Three Compliance Risks for Global Subscriptions

At some point along your company’s path of success and growth, you will need to expand your base of subscribers. That often means entering new geographic markets, but that decision is not without risk.

Delivering localized customer experiences in terms of languages, currencies, prices and payment methods is only one challenge you need to solve. You also need to comply with local rules and offer compliant shopping experiences. If you’re not exactly sure what all that entails, ask yourself:

  • Do you offer customers a separate review opportunity after they have filled out their shopping cart page? Guess what? It’s a requirement if you want to sell to EU member countries.
  • Do you require a double opt-in (or confirmed opt-in, COI) process for subscribing to your email newsletter? Hint: If you want use email marketing with Canadians, you need to implement it.
  • Have you obtained express consent to charge a subscriber once their free trial has expired? Newsflash: You don’t want to be on the wrong side of this issue.

Compliance Risks for Global Subscriptions

Review Page

“Before the consumer is bound by a … contract … the trader shall provide the consumer with … information in a clear and comprehensible manner …” — Council Directive 2011/83/EU aka The Directive on Consumer Rights (European Commission)

European citizens have expressed discomfort with a lack of transparency when purchasing online. In order to combat these trust issues, online sellers are legally obliged to provide EU customers with a review page or opportunity that provides specific information relevant to the sale.
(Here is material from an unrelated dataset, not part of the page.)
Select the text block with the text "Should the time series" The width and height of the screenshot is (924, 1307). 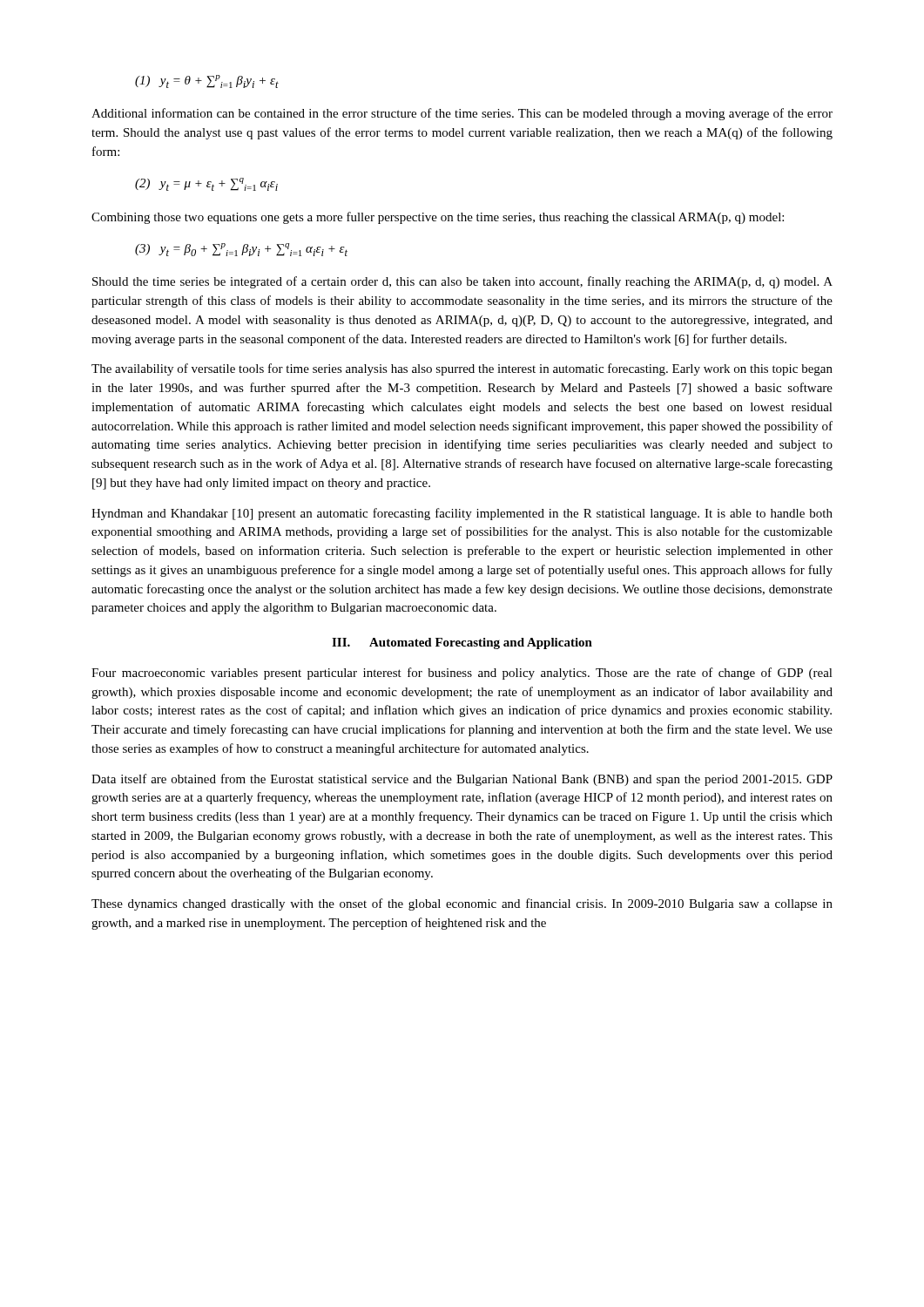462,311

If your typical checkout process is a quick one-page cart where the Buy Now button leads right to a confirmation page, you’ll need to create at least one additional step before a customer submits their payment from the EU.

While shoppers in the U.S. might find this step frustrating or a barrier to purchase, omitting it for shoppers in the EU can lead to invalid purchase agreements, penalties and damage to your reputation.
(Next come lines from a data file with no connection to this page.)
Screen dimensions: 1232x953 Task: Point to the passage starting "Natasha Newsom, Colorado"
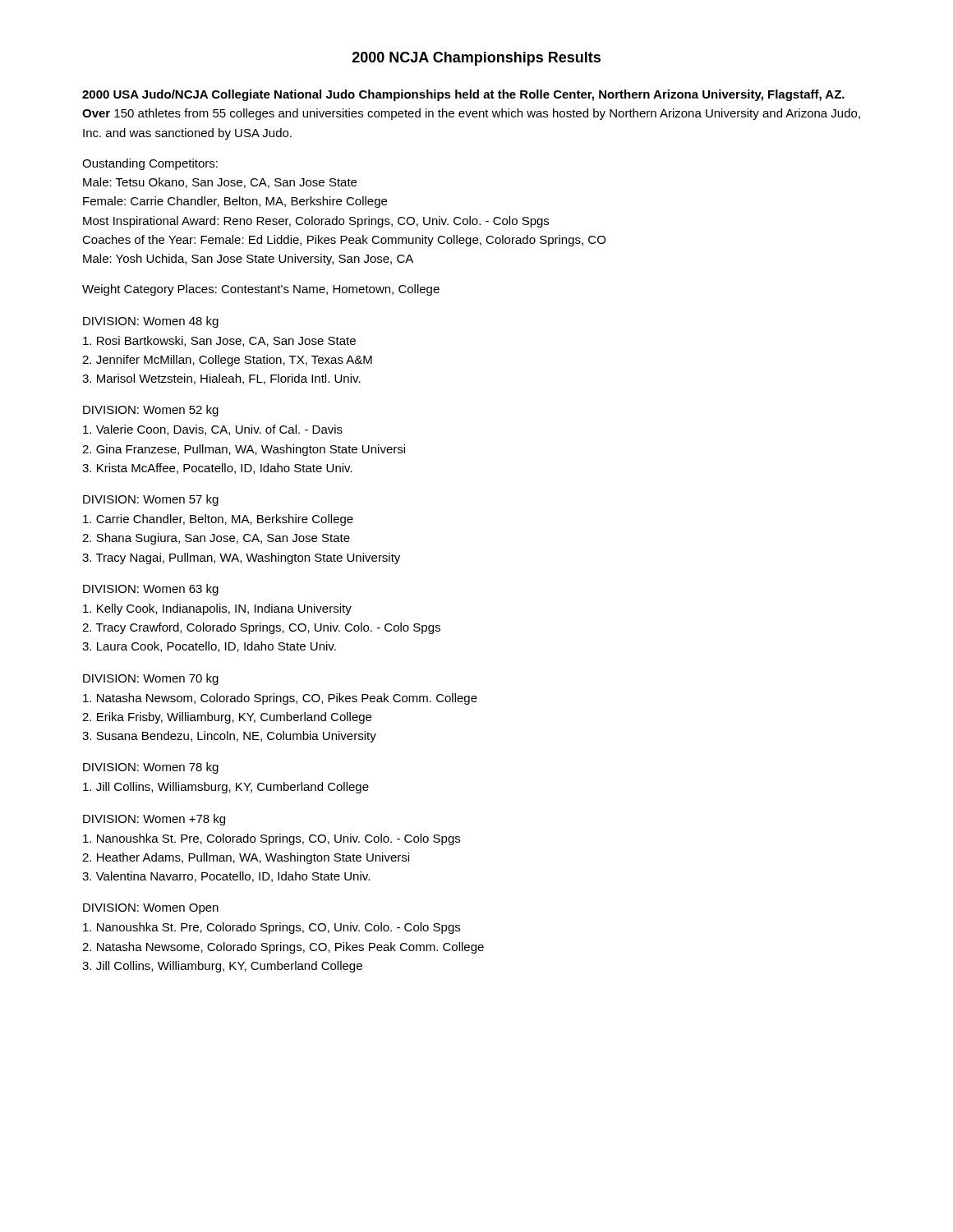click(x=280, y=697)
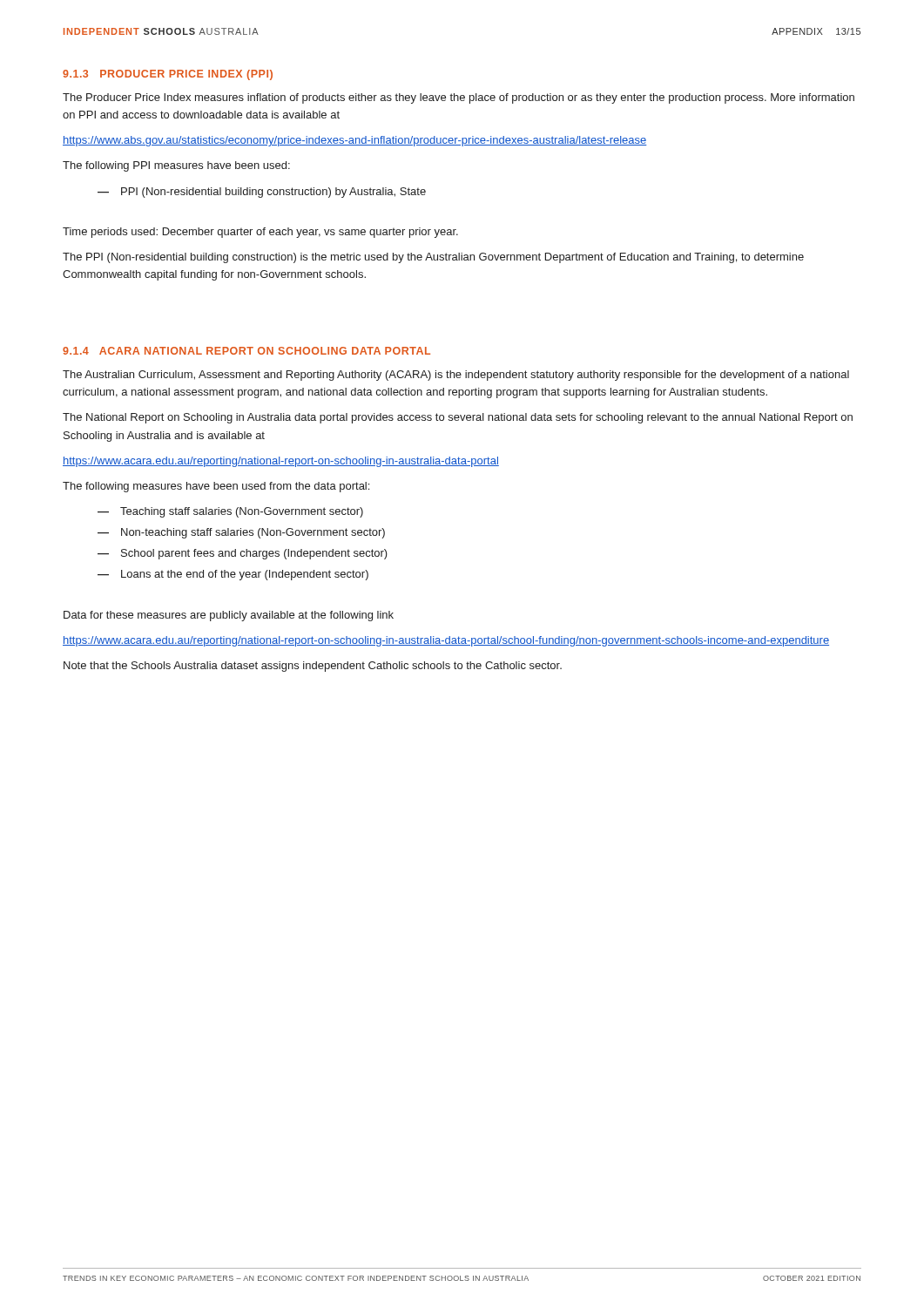Navigate to the passage starting "— School parent fees and charges (Independent sector)"
924x1307 pixels.
tap(243, 554)
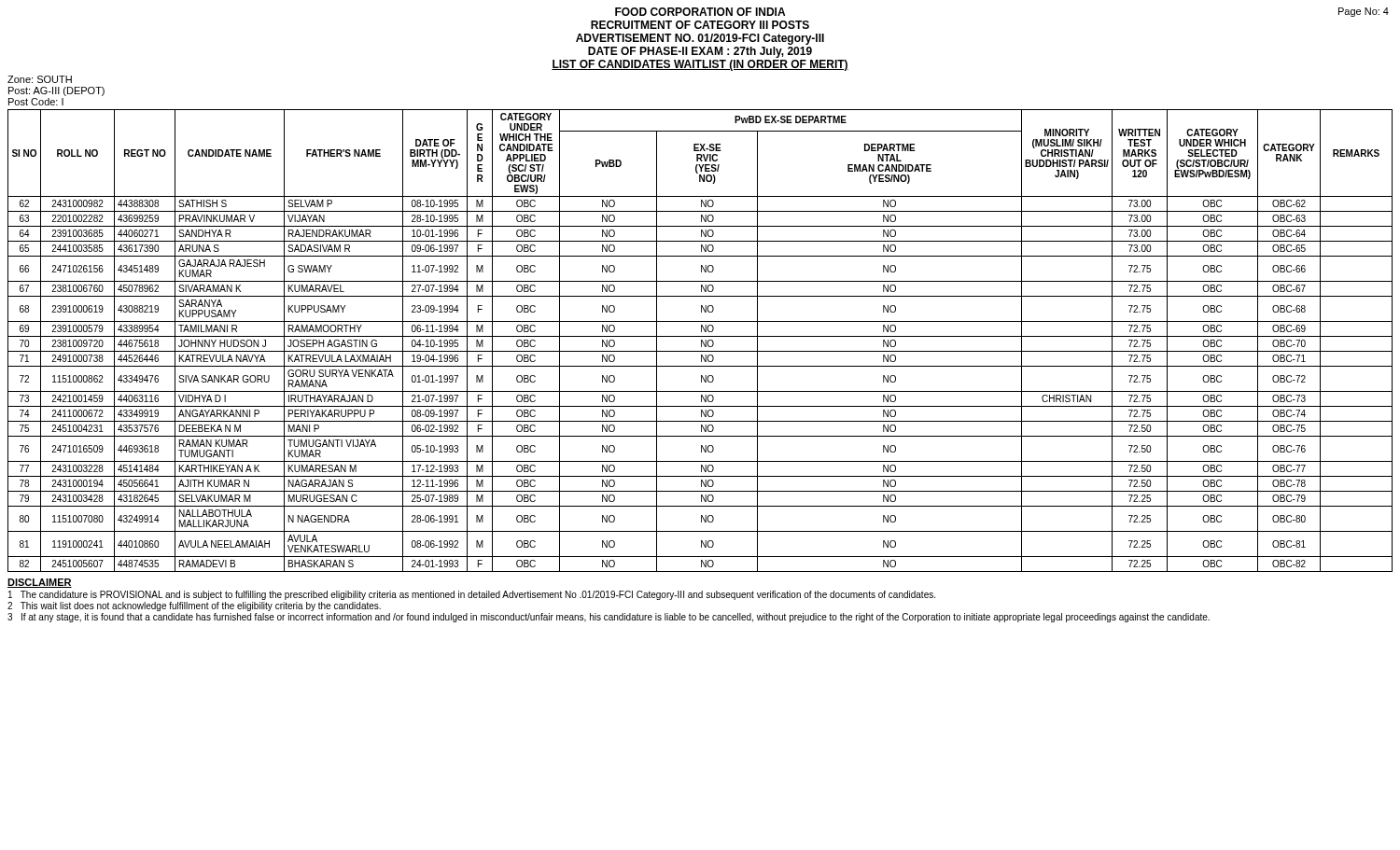Where is the passage that starts "1 The candidature is"?

[472, 595]

Double Opt-In Signups for Email

“It is prohibited to send or cause or permit to be sent to an electronic address a commercial electronic message unless the person to whom the message is sent has consented to receiving it.” – Canada’s Anti-Spam Law

On July 1, 2014, most of Canada’s Bill C-28, known as the “Fighting Internet and Wireless Spam Act” (FISA) or “Canada’s Anti-Spam Law” (CASL), came into effect. Consent is the operative word here, and it is used over 60 times in the text of this law. The law requires you to obtain explicit customer consent to send them commercial electronic messages through your marketing email lists. In cases of conflict, you as the merchant will have to provide evidence of customer consent. Therefore, double opt-in is generally considered a best practice.
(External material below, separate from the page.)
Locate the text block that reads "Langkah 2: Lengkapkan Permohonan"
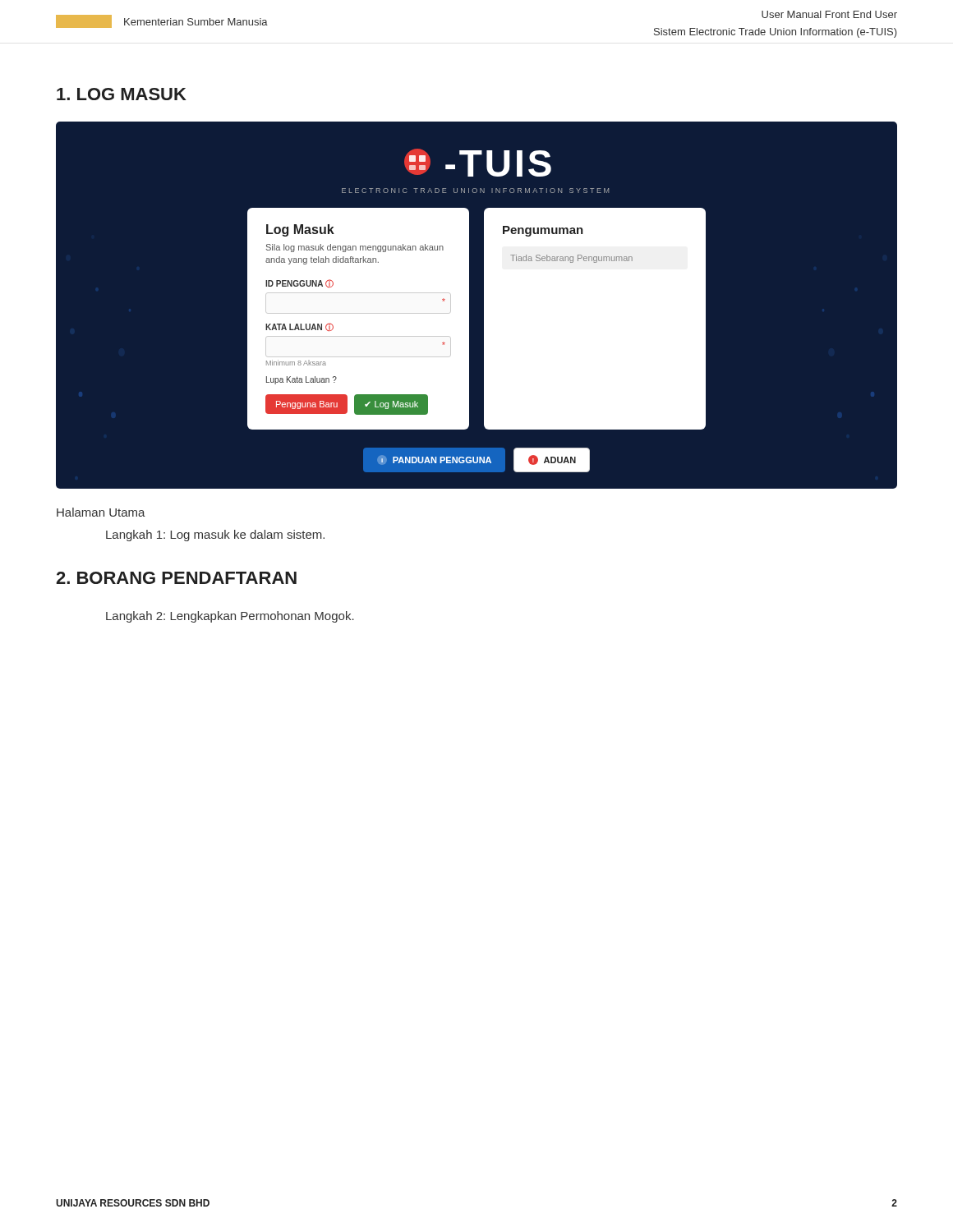This screenshot has height=1232, width=953. (230, 615)

Violating these rules while sending emails to Canada, Canadians or computers located in Canada may result in considerable fines (up to $10 million per violation for corporations).

Negative Option Billing

“It shall be unlawful for any person to charge or attempt to charge any consumer for any goods or services sold in a transaction effected on the Internet through a negative option feature” — Restore Online Shoppers’ Confidence Act (ROSCA)

In 2016, consumer rights watchdog nonprofit organization Truth in Advertising (TINA.org) alerted the Federal Trade Commission about the selling practices of a lingerie subscription company. These types of complaints from consumer rights organizations highlight the risk for companies who use confusing language about recurring charges. In this case, TINA.org complained to the trade regulators that this subscription company engaged in practices that violated ROSCA due to an unclear sign-up process that left customers on the hook for monthly charges that they didn’t expect.

This doesn’t mean you can’t offer subscriptions to online services. It just means that you have to be considerate of the customer experience. To paraphrase ROSCA:

  1. Conspicuously disclose that customers are signing up for recurring charges before you obtain their billing information.
  2. Get customers’ express consent before charging them.
  3. Make it easy to cancel the subscription.

Keystone

Providing the best possible experience is critical to acquiring and retaining customers. When you begin expanding beyond your traditional markets, you need to not only localize, but maintain compliance with regional requirements in order to deliver the most successful customer experience.

Timm Neu contributed to this blog post

This blog post does not contain legal advice. The rights, obligations and liabilities of a business vary according to geography, industry, method of delivery, type of product, where your business is, where your customers are and all sorts of other variables that preclude us from using this blog post to tell anyone how they must act from a legal perspective.